**AVAILABLE RECORDS:**
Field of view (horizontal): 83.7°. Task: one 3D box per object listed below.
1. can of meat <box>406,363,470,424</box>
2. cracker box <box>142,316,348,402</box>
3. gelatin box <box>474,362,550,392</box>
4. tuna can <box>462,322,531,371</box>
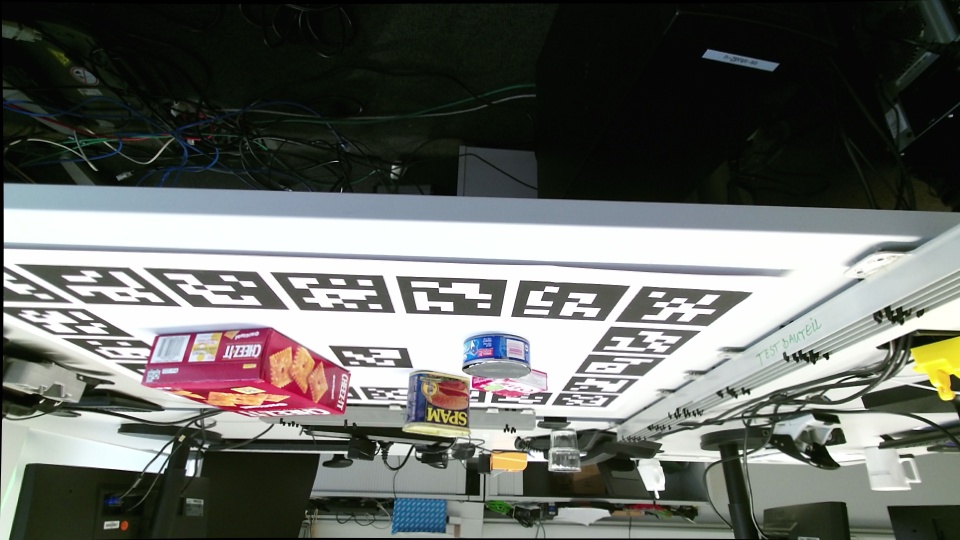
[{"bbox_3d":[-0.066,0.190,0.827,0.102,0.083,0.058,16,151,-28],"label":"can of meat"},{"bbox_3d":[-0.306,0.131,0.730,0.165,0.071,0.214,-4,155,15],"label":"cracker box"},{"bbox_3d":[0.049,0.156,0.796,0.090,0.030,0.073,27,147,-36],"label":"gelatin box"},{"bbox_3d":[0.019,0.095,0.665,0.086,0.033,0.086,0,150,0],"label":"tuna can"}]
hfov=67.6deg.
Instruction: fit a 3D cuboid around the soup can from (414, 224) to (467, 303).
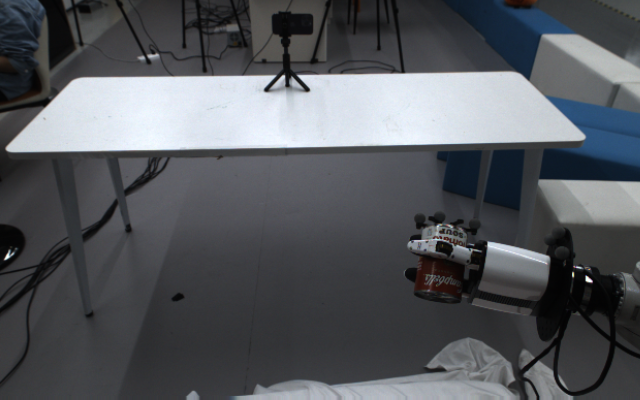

**REQUIREMENT:** Pictures do not go in the copy. Write out exactly the lines from the line containing "3. gelatin box <box>474,362,550,392</box>" through the last line of the listing.

**ANSWER TO THIS TASK:**
3. gelatin box <box>474,362,550,392</box>
4. tuna can <box>462,322,531,371</box>
[{"bbox_3d":[-0.066,0.190,0.827,0.102,0.083,0.058,16,151,-28],"label":"can of meat"},{"bbox_3d":[-0.306,0.131,0.730,0.165,0.071,0.214,-4,155,15],"label":"cracker box"},{"bbox_3d":[0.049,0.156,0.796,0.090,0.030,0.073,27,147,-36],"label":"gelatin box"},{"bbox_3d":[0.019,0.095,0.665,0.086,0.033,0.086,0,150,0],"label":"tuna can"}]
hfov=67.6deg.
Instruction: fit a 3D cuboid around the soup can from (414, 224) to (467, 303).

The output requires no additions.